=== Begin Enclosure ===

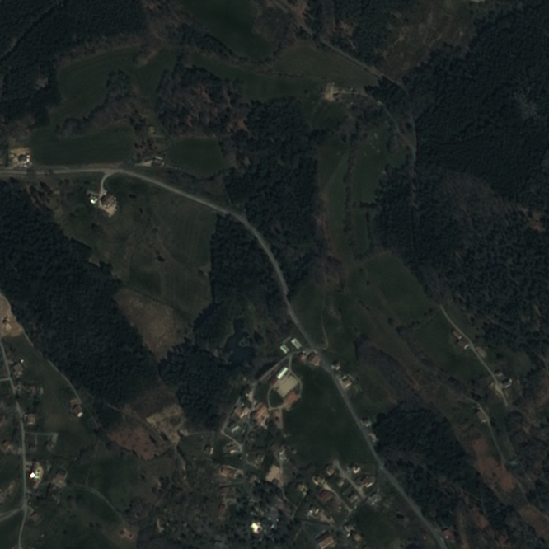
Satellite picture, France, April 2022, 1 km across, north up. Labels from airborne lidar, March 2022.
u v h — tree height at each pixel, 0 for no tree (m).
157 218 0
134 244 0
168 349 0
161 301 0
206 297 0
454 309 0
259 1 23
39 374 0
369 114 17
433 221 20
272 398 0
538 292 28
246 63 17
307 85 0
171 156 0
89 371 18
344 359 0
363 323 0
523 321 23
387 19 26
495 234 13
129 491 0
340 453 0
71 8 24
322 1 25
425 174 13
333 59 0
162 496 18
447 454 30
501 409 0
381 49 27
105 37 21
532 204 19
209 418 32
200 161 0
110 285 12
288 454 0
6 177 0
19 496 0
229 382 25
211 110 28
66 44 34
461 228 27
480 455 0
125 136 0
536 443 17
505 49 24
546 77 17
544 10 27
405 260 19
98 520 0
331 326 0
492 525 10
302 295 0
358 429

=== End Enclosure ===
=== Begin Enclosure ===

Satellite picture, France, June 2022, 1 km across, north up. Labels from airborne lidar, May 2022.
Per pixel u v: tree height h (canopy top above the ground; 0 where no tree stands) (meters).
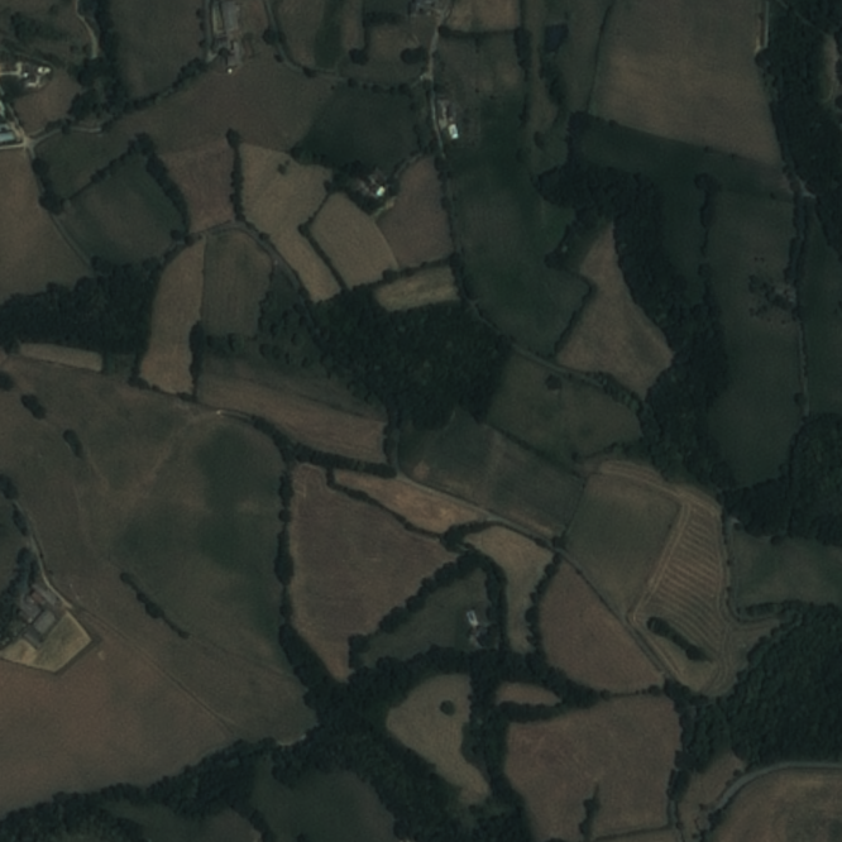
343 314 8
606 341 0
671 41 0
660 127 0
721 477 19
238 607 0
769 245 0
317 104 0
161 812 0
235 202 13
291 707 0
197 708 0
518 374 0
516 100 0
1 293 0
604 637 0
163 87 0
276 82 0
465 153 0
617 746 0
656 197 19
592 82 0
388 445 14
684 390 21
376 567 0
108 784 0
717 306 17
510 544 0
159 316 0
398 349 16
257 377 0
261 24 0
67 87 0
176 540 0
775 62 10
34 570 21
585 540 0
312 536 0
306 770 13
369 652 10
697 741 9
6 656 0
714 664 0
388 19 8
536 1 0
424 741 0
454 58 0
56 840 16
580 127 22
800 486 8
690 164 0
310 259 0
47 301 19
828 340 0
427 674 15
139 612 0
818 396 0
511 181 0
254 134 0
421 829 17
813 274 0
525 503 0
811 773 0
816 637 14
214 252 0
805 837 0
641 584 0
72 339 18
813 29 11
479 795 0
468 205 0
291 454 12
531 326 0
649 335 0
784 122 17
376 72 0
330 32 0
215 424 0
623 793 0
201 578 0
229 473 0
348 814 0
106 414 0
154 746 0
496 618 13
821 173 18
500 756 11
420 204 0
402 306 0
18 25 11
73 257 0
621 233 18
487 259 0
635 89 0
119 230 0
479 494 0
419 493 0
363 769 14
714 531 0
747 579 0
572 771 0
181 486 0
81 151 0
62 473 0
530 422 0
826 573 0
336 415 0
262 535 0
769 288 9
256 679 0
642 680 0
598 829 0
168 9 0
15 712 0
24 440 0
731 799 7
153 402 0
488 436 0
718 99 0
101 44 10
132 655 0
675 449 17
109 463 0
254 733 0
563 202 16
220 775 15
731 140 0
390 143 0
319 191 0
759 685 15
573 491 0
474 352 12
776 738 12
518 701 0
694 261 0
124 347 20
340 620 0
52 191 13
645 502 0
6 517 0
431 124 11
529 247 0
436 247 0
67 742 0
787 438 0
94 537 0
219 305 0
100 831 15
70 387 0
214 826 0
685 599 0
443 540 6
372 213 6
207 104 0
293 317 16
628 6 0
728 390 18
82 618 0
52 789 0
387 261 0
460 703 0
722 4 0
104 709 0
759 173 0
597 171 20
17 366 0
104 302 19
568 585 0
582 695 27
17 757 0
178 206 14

=== End Enclosure ===

- **Description of the task**
Go through the material above line by line and work out how many lines contain the word "picture"; give only that number.

- **Task solution**
2